Therefore, in step S130 of FIG. 4, the controller 8 predicts the chargeable section by the following method.

In this embodiment, although the travel route is not set, the position information and map information of the own vehicle can be acquired. Therefore, based on these obtainable information, the controller 8 searches for the start point of high-load driving such as the entrance of the highway and the starting point of the uphill in the vicinity of the own vehicle, and starts the high-load driving closest to the current position. Identify location. Then, the section from the current position to the starting point of high-load running is predicted as a chargeable section.

Once the chargeable section is predicted, the calculation of the second travelable distance (S140 in FIG. 4) can be performed in the same manner as in the first embodiment.

As described above, in this embodiment, the controller 8 acquires the road map information and the position information of the own vehicle, and from the current position, the point at which the requested vehicle output exceeds the power generated by the fuel cell stack 3 and starts high-load driving. up to is predicted as a chargeable section. Then, the controller 8 calculates the required vehicle output in the chargeable section, and calculates the battery charging amount generated by the generator in the chargeable section based on the calculated requested vehicle output and the power generated by the generator. As a result, even if the travel route is not set, it is possible to estimate how long the chargeable section will continue and with what kind of load, and to accurately calculate the charge increase amount.

(Third embodiment)
A third embodiment will be described. A hybrid vehicle to which this embodiment is applied is the same as that of the first embodiment. Also, the method of calculating the total travelable distance in this embodiment is basically the same as in the first embodiment. However, this embodiment differs from the first embodiment in that there is no map information. If there is no map information, naturally the travel route is not set. That is, in this embodiment, there is no information acquired in step S110 of FIG. This difference will be mainly described below.

Without the map information, the controller 8 cannot acquire the map information and the travel route in step S110 of FIG. 4, so the controller 8 cannot predict the chargeable section in step S130 of FIG. 4 as in the first embodiment. . If the chargeable section cannot be predicted, the charge increase amount cannot be calculated.

Therefore, in the present embodiment, the controller 8 calculates the charging increase amount by the following method without performing the process of step S130 in FIG.
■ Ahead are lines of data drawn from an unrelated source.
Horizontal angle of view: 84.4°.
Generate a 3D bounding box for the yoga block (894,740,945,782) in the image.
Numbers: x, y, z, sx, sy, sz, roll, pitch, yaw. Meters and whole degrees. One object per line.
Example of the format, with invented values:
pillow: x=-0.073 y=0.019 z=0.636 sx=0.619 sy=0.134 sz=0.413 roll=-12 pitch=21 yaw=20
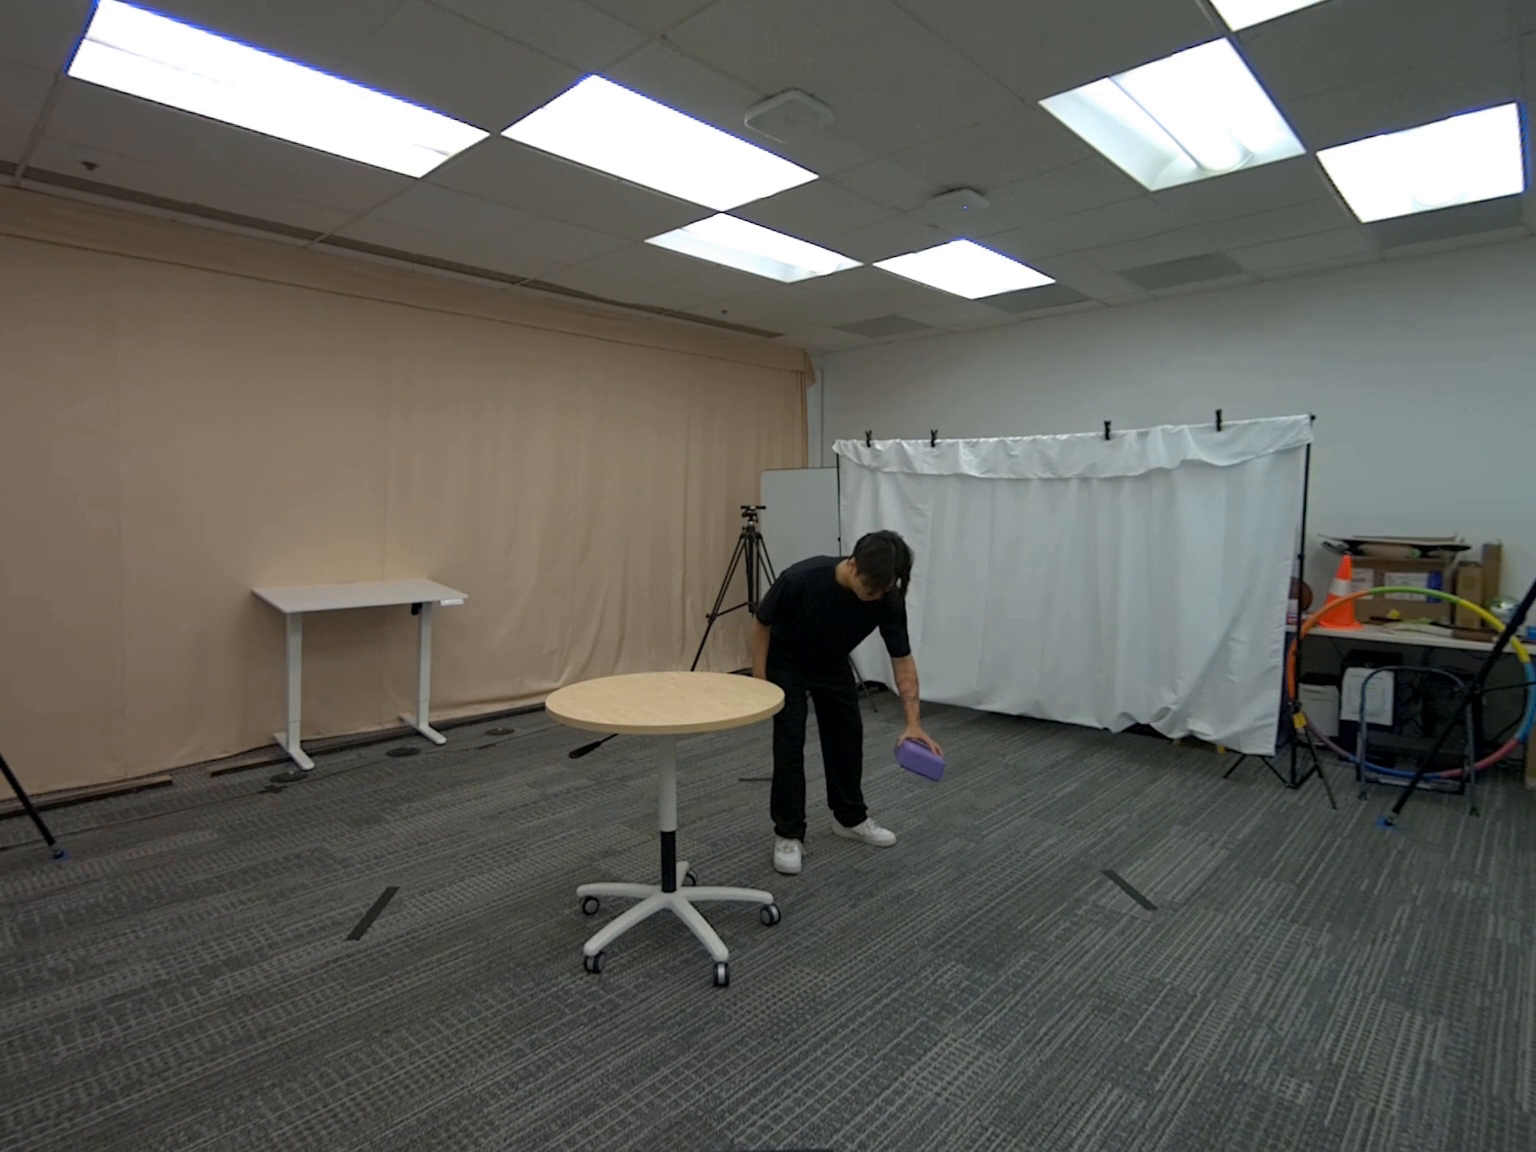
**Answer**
yoga block: x=0.554 y=0.657 z=3.028 sx=0.150 sy=0.076 sz=0.227 roll=21 pitch=0 yaw=5
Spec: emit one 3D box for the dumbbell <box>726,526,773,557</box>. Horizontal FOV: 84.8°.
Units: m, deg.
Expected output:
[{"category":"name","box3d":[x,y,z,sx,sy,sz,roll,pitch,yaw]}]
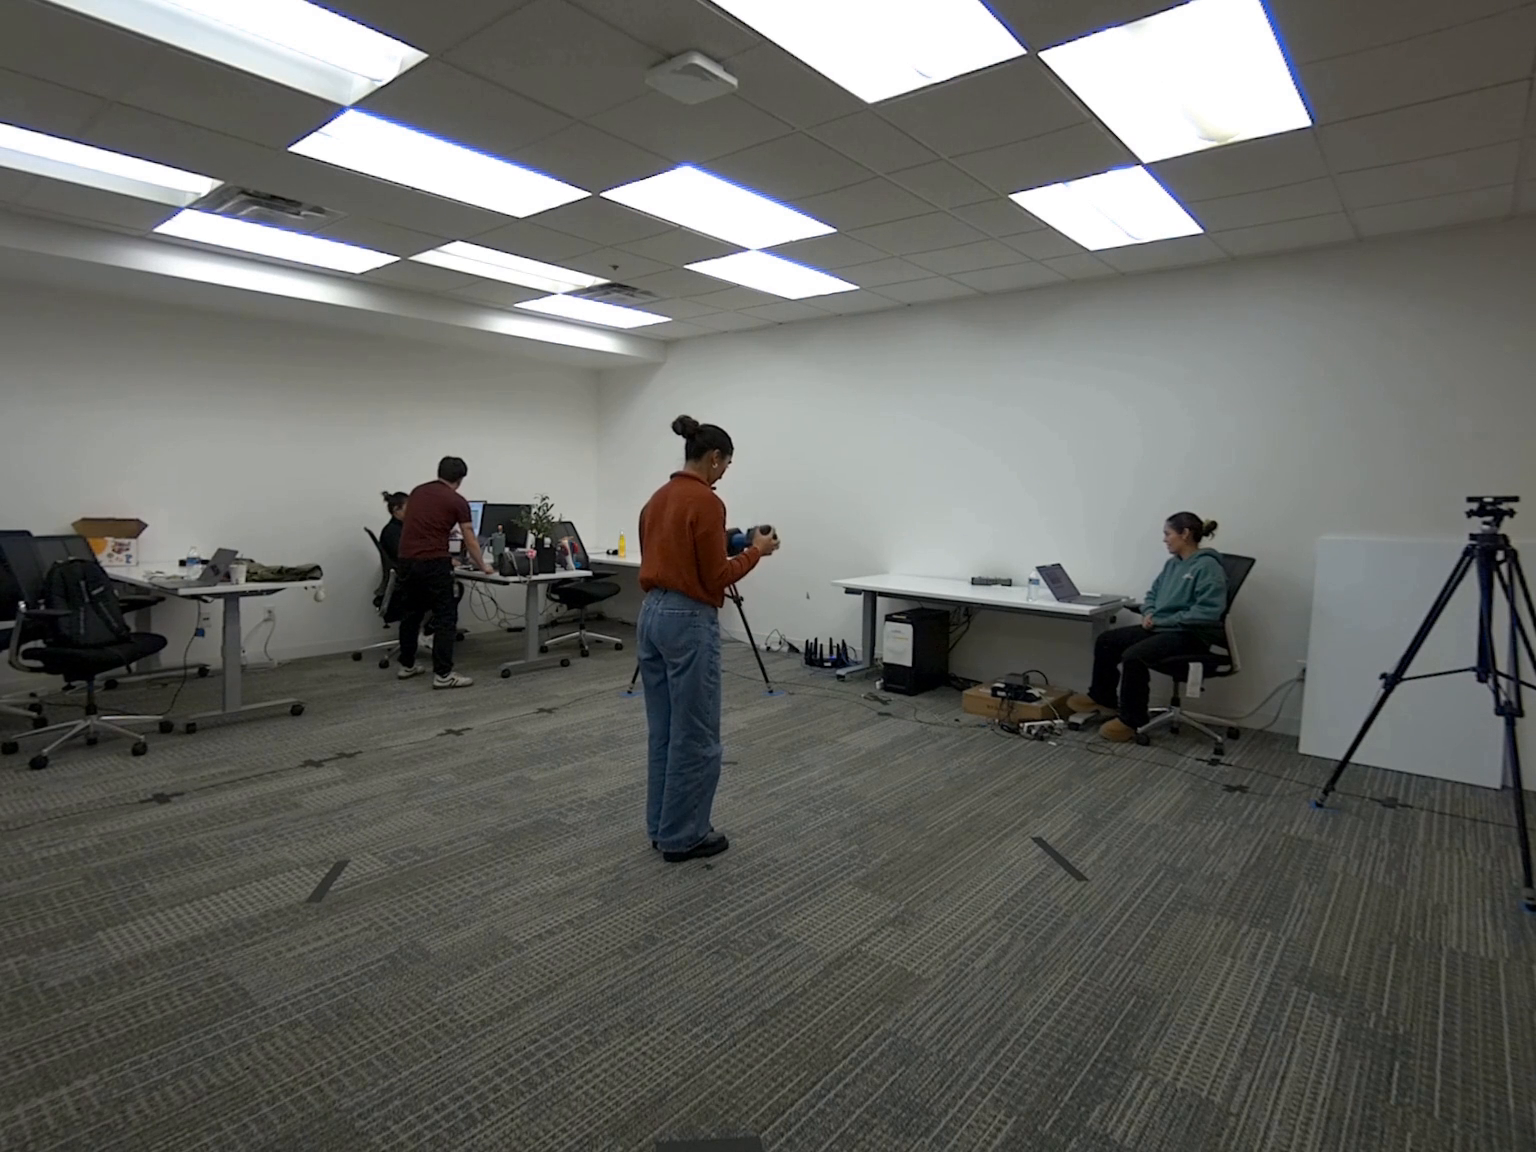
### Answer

FIG. 10 is a flow chart showing a control routine for calculating the charge increase amount in this embodiment. This control routine is programmed in the controller 8 .

In step S200, the controller 8 calculates the average value of the vehicle required output based on the past running state data. Various types of data can be used as data on past driving conditions, such as data for one trip from departure to arrival at a destination, data for a predetermined driving time, etc. However, an average value calculated based on long-term data is , there is a risk that the current driving state cannot be represented appropriately. Therefore, in this embodiment, the level of the vehicle output power is divided into a plurality of ranges, and the average of the vehicle power output is calculated based on the data after the running state of the vehicle enters the range of the current vehicle power output level. Calculate the value. For example, the vehicle required output is divided into a low load level (0 kW or more and less than 10 kW), a medium load level (10 kW or more and less than 20 kW), and a high load level (20 kW or more). The average value of the vehicle required output is calculated based on the data from the time the load level was entered until the present time. As a result, it is possible to calculate an average value that appropriately reflects the current running state.

At step S210, the controller 8 calculates the fuel cell surplus power. Specifically, the average value of the vehicle required output calculated in step S200 is subtracted from the fuel cell maximum power output. If the average value of the vehicle required output is greater than the fuel cell maximum generated output, the surplus generated power of the fuel cell is set to zero.

In step S<b>220 , the controller 8 calculates the power generation continuable time based on the fuel consumption corresponding to the generated power and the remaining amount of fuel in the fuel tank 7 . The power generation continuation possible time is the time during which power generation can be continued with the current remaining amount of fuel, in other words, the time until the fuel runs out. Specifically, the controller 8 divides the remaining amount of fuel in the fuel tank 7 by the amount of fuel consumed according to the generated power.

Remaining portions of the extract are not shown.